Pandas gropuby[['col_name', 'values from another dataframe']] - pandas

I have two very large pandas dataframes, df and df_new
Sample df:
A B DU DR
100 103 -2 -10
100 110 -8 -9
100 112 0 -4
100 105 2 0
100 111 NAN 12
.
.
.
264 100 NAN -15
.
.
.
Sample df_new:
A TD
100 0
100 1
100 2
.
.
.
103 0
103 1
.
.
.
I wish to get another pandas dataframe with count of B whose DU is less than or equal to TD of df_new for the same value of A in both df and df_new.
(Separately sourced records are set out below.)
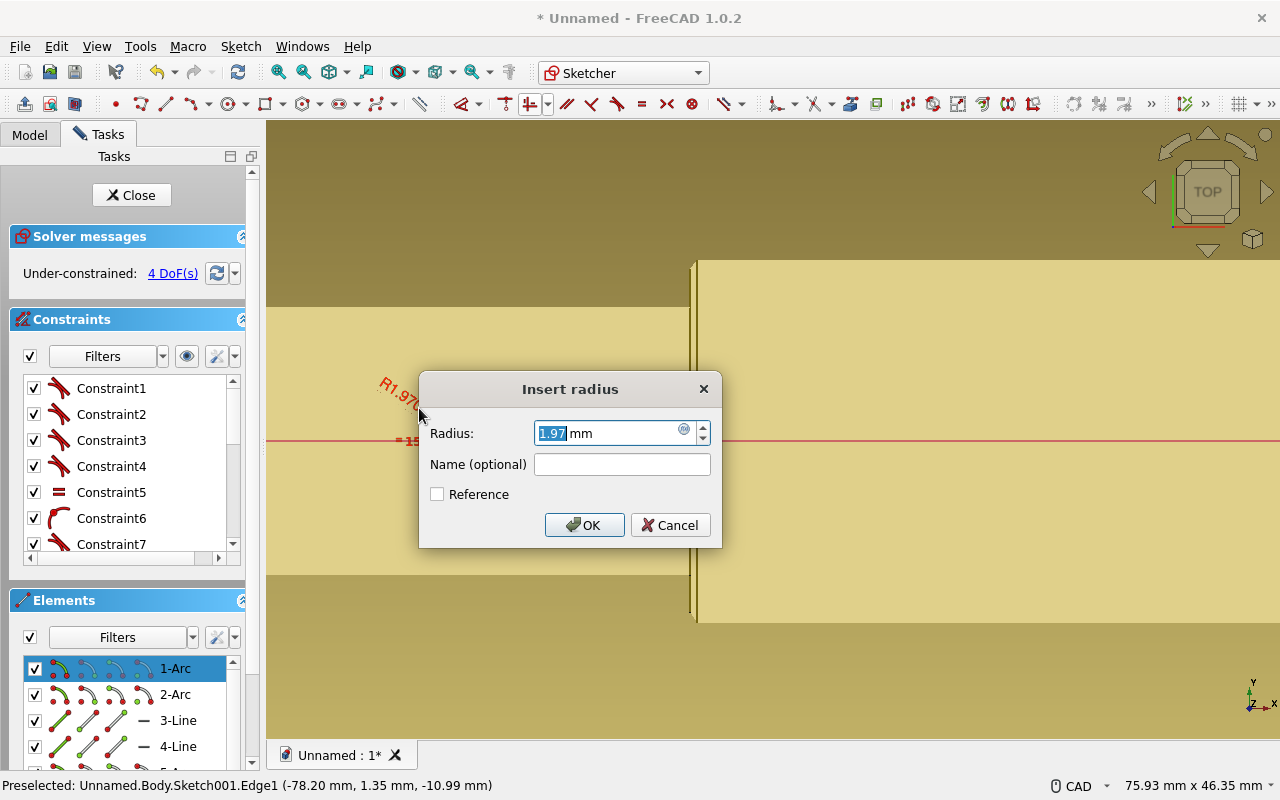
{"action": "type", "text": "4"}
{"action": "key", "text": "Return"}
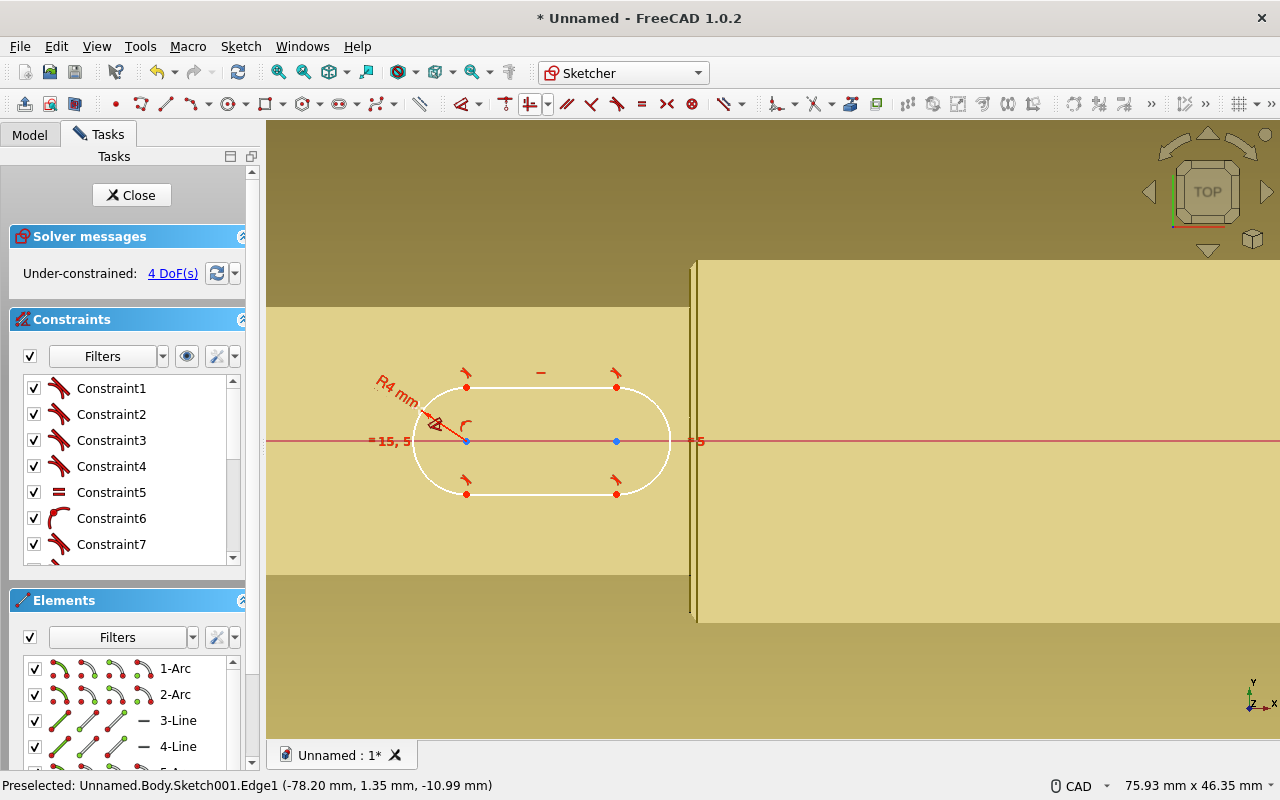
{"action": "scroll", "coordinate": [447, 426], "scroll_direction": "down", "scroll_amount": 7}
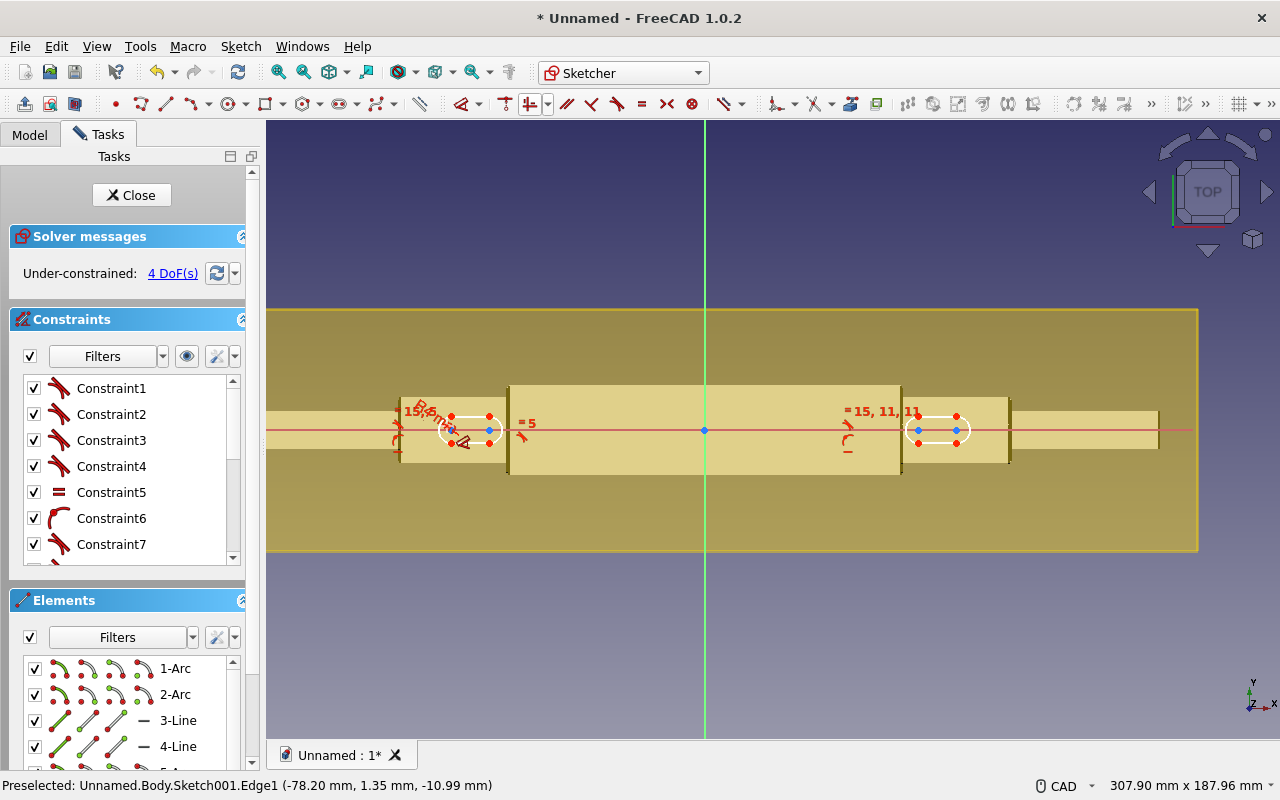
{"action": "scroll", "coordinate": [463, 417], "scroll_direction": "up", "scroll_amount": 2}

Similary I need count of B's whose DU is greater than TD of df_new for the same value of A (it should also include count of np.nan).
i.e:
my expected dataframe should be something like this:
A TD Count_Less Count_More
100 0 3 2
100 1 3 2
100 2 4 1
.
.
.
103 0 0 5
103 1 1 4
.
.
.
How can I do this in Python?
Please note the data size is huge.

First use DataFrame.merge with left join for one Dataframe, then compare columns by Series.gt for > and
Series.le for <= to new columns with DataFrame.assign and last aggregate sum:
df1 = df_new.merge(df.assign(DU = df['DU'].fillna(df_new['TD'].max() + 1)), on='A', how='left')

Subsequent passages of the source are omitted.